Откуда у крыс тяга к дальним странствиям, к кораблям, воде, шлёпанью морских волн под железным днищем судна - лучшего звука для них нету, лучше может быть только пение волшебной дудочки какого-нибудь факира, - к запаху соли, скрежету тросов, к лютым штормам и крепкому матроскому мату, не знает никто. Эта тайна, как и тайна излечения, допустим, рака, до сих пор не раскрыта.
Воевать с крысами, если попали на плавающую посудину, бесполезно - ни присыпки, ни примочки, ни пушечные удары кувалдой о корпус, от которых даже у корабельных котов отваливаются почки, ни отравы, ни колдовские наговоры, ни ведьминские причитания на крыс не действуют. Любую ведьму, если та окажется на корабле, они запросто стрескают, запьют пивом из офицерской кладовой, косточки обглодают догладка и спихнут лапами в море. О котах и говорить не приходится - корабельных котов вообще надо прятать от крыс, чтобы чего-нибудь не случилось.
Над корабельными котами крысы издеваются как хотят. Отъесть спящему коту хвост под самую репку для крыс самое милое дело - доставляет большое удовольствие. А уж сожрать кота целиком вместе с ушами, усами, когтями и хвостом для них вообще удовольствие номер один.
В общем, сладу с пасюками не было никакого до тех пор, пока мудрые люди не собрались на полубаке и после долгого толкования, перемежаемого ядреным матом, не придумали способ, - пока единственный на флоте, другого способа нет, - как расправляться с наглыми крысами. Можно, конечно, утопить усатых вместе с кораблём, но это не выход, - так решили многомудрые мореманы, - корабль жалко, и нашли другой способ.
Фамилий этих славных людей история не сохранила, но люди эти были, точно были. Плодами их упорного умственного труда и занялся боцман Тамаев.
А придумали мореманы так называемых крысаков. Что это такое - крысаки? Это страшные, красноглазые, жирные, специально выведенные, "воспитанные" существа с зубами, свободно перекусывающими стальную проволоку.

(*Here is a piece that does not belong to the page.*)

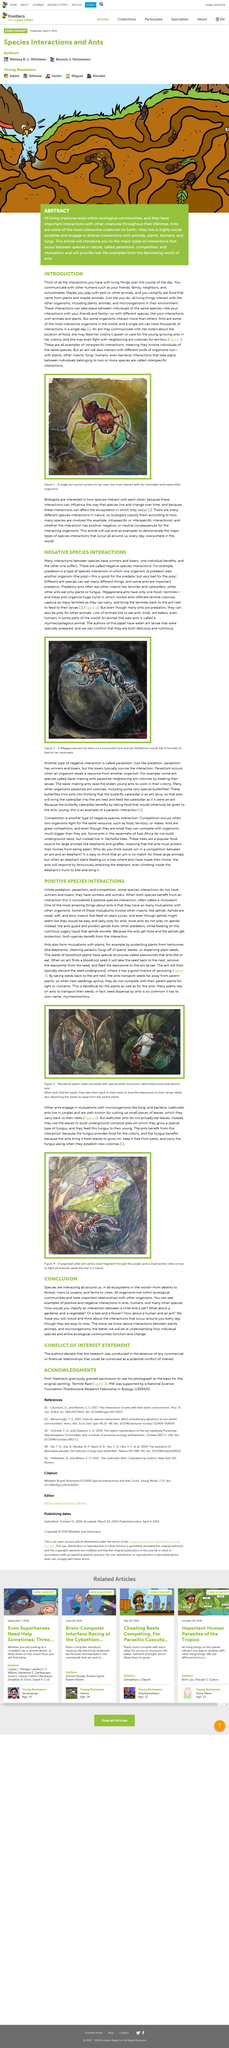Specify some key components in this picture. A myrmecophagous animal is an animal that eats ants. An ant can have thousands of interactions in just one day. Leafcutter ants are depicted in Figure 4. Megaponera ants are known to feed exclusively on termites, making them highly specialized predators in their ecosystem. Intraspecific interactions refer to interactions between individuals of the same species. 
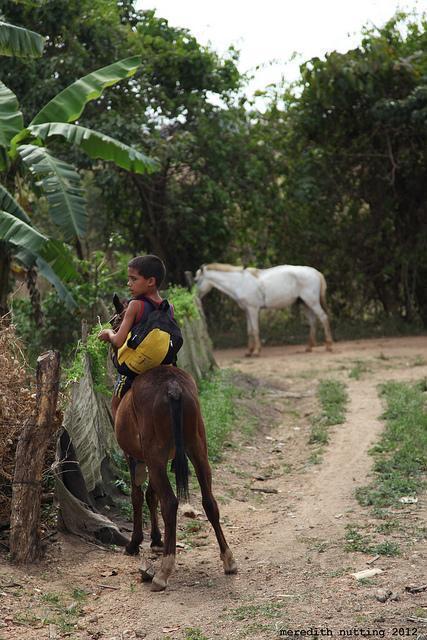How many horses can be seen?
Give a very brief answer. 2. 
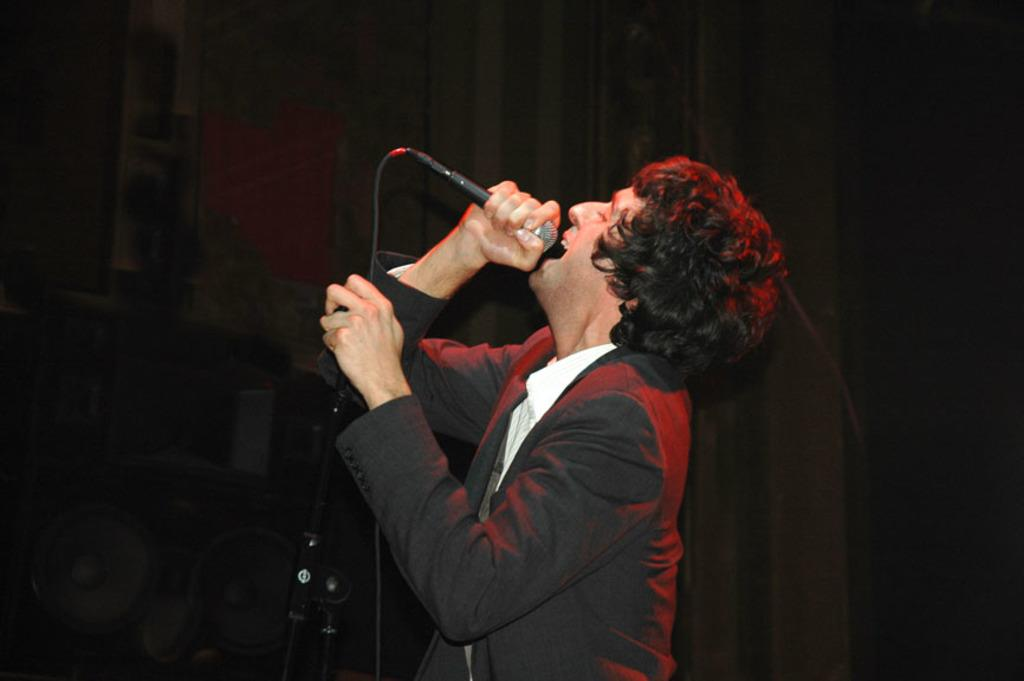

Выводят крысаков так, - собственно, этим и занимался боцман Тамаев и имел на побочном промысле немало дополнительных паек хлеба (с маслом, между прочим). Ловят штук двадцать пасюков и швыряют в железную бочку. Обязательно в железную, ибо деревянную они запросто сожрут и ещё будут благодарны за предоставленный им обед, а с железной не справятся точно, - в железе их зубы увязнут…
Еды пасюкам не дают никакой, и тогда крысы, обезумевшие в бочке от голода, начинают пожирать друг дружку. Более сильные пожирают более слабых. В конце концов остается один пасюк - самый сильный, самый беспощадный, самый страшный - не дай бог приснится матросам во сне. Дергунчик может прихватить служивых, будут тогда матросики дёргаться в падучей, кричать от страха да мочиться под себя, в матрасы.
Оставшийся пасюк и есть крысак. Он теперь ничем иным не может питаться - только живыми крысами. Такого, "воспитанного" боцманом Тамаевым, крысака запускают в трюм стонущего от обилия пасюков корабля. За хорошую мзду, естественно: "воспитатель" Тамаев считал, что его труд должен оплачиваться по первой категории, да и вообще всё дело - приносить приличные дивиденды.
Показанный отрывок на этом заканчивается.